Prudential Regulation Authority on solvency package
Sam Wood, CEO of the PRA spoke at an he ABI dinner in the City of London and outlined some reforms the PRA are pursuing as part of the Solvency UK package including:
- significant cuts to reporting requirements
- a significant streamlining of the rules for internal model approvals.
- plans to widen the range of assets that are eligible for the Matching Adjustment – including to allow assets with prepayment options and construction phases.
- for smaller or newer players a proposal to raise the threshold at which firms are required to enter the Solvency UK regime (to triple the threshold for gross written premiums to £15m and double the threshold for technical provisions to £50m).
- plans to remove capital requirements for branches of international insurers operating in the UK, reducing barriers to entry and enhancing competition and the international competitiveness of the UK market. The PRA also proposes to allow greater flexibility in the calculation of group capital requirements; which has the potential to lower merger and acquisition costs, increasing the UK’s competitiveness whilst maintaining capital adequacy.
Wood also mentioned “we have taken steps in parallel to the Solvency II Review to simplify and clarify expectations around the UK ISPV regime, which should make it easier for firms to participate in this market and allow new ways of raising capital – we shall continue to engage with market participants to see what other steps may be necessary to improve access even further.”
Australian bank facing criminal charges
Members Equity Bank Limited (ME Bank) has appeared before the Federal Court, facing criminal charges for allegedly making false and misleading representations in letters to its home loan customers and allegedly failing to provide written notice about annual interest rate and repayment amount changes.
A total of 62 charges have been laid against ME Bank. 44 charges relate to letters issued by ME Bank to home loan customers between September 2016 and September 2018, which ASIC alleges made false and misleading representations about:
- customers’ relevant annual interest rates, and/or
- the minimum repayment to be paid after the fixed-rate period expired, and/or
- the minimum repayment to be paid after the interest-only rate period expired.
On 17 February 2023, the Court listed the matter for a sentencing hearing on 31 August 2023 and made other timetabling orders.

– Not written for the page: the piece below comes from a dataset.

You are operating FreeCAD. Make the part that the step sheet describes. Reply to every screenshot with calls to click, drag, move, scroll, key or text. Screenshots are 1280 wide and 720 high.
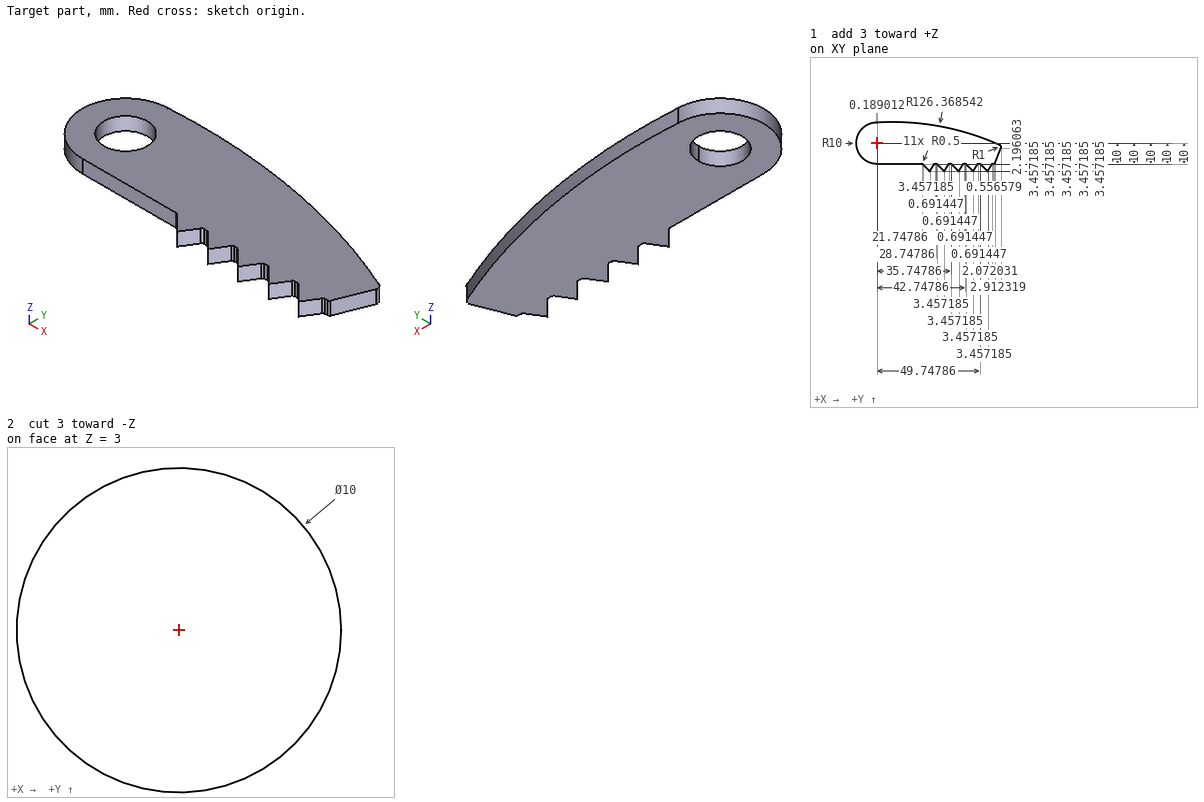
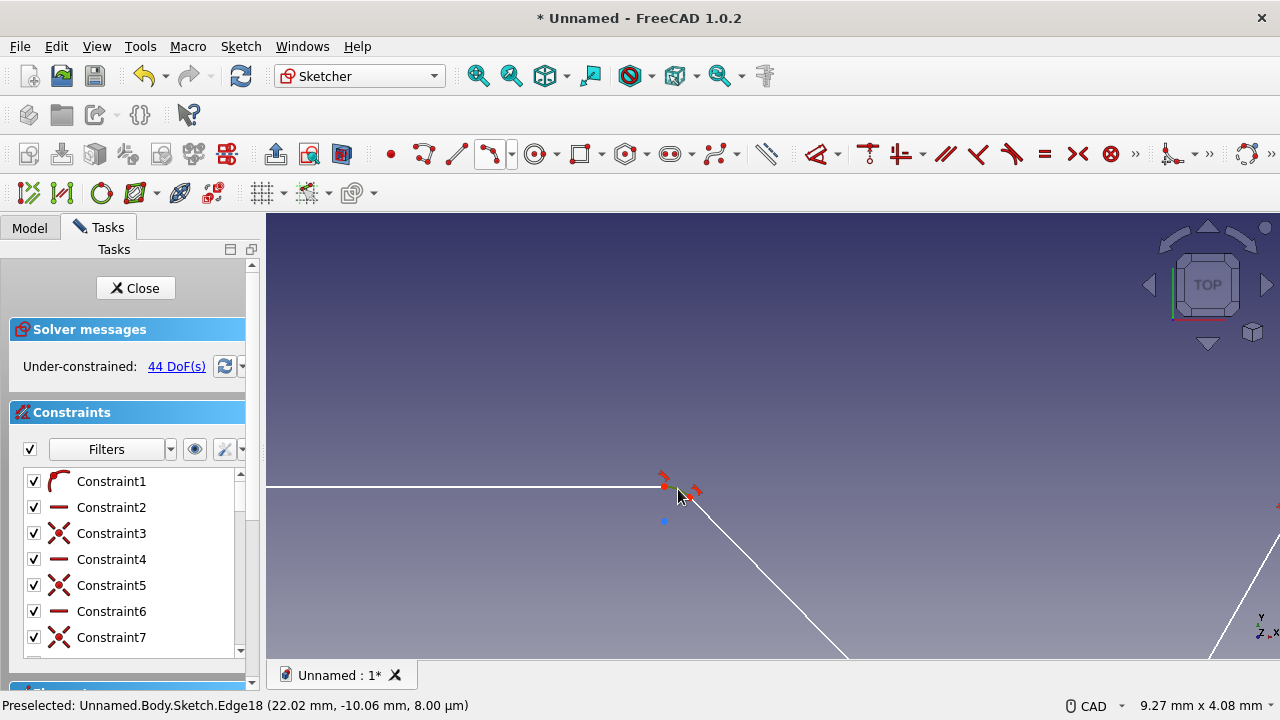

Russian sanctions: 12 months on
UK Finance has published a helpful blog summarising the last 12 months of sanctions: “To date, the UK has sanctioned more than 1,200 individuals and over 160 entities under the Russia Sanctions regulations. March 2022 saw an update to the primary act (Sanctions and Anti-Money Laundering Act 2018 – SAMLA) when the Economic Crime (Transparency and Enforcement) Act 2022 received royal assent. This led to the removal of section 2 of SAMLA known as “the appropriateness test”, which required a minister to determine whether sanctions where a reasonable course of action, resulting in delays in implementation in contrast to western allies. In its place, a new urgent designation procedure was introduced so that the UK could designate the individuals and entities that are designated by any of the US, EU, Australia and/ or Canada – a step forward for international alignment and the UK’s ability to expedite implementation.”
South Africa commits to do more following FATF intervention
The South African Reserve Bank (SARB) and the South African government has acknowledged the need to enhance its anti-money laundering, counter financing of terrorism and counter proliferation financing (AML/CFT/CPF) following FATF’s decision to add South Africa to the list of jurisdictions currently under increased monitoring at FATF’s February plenary.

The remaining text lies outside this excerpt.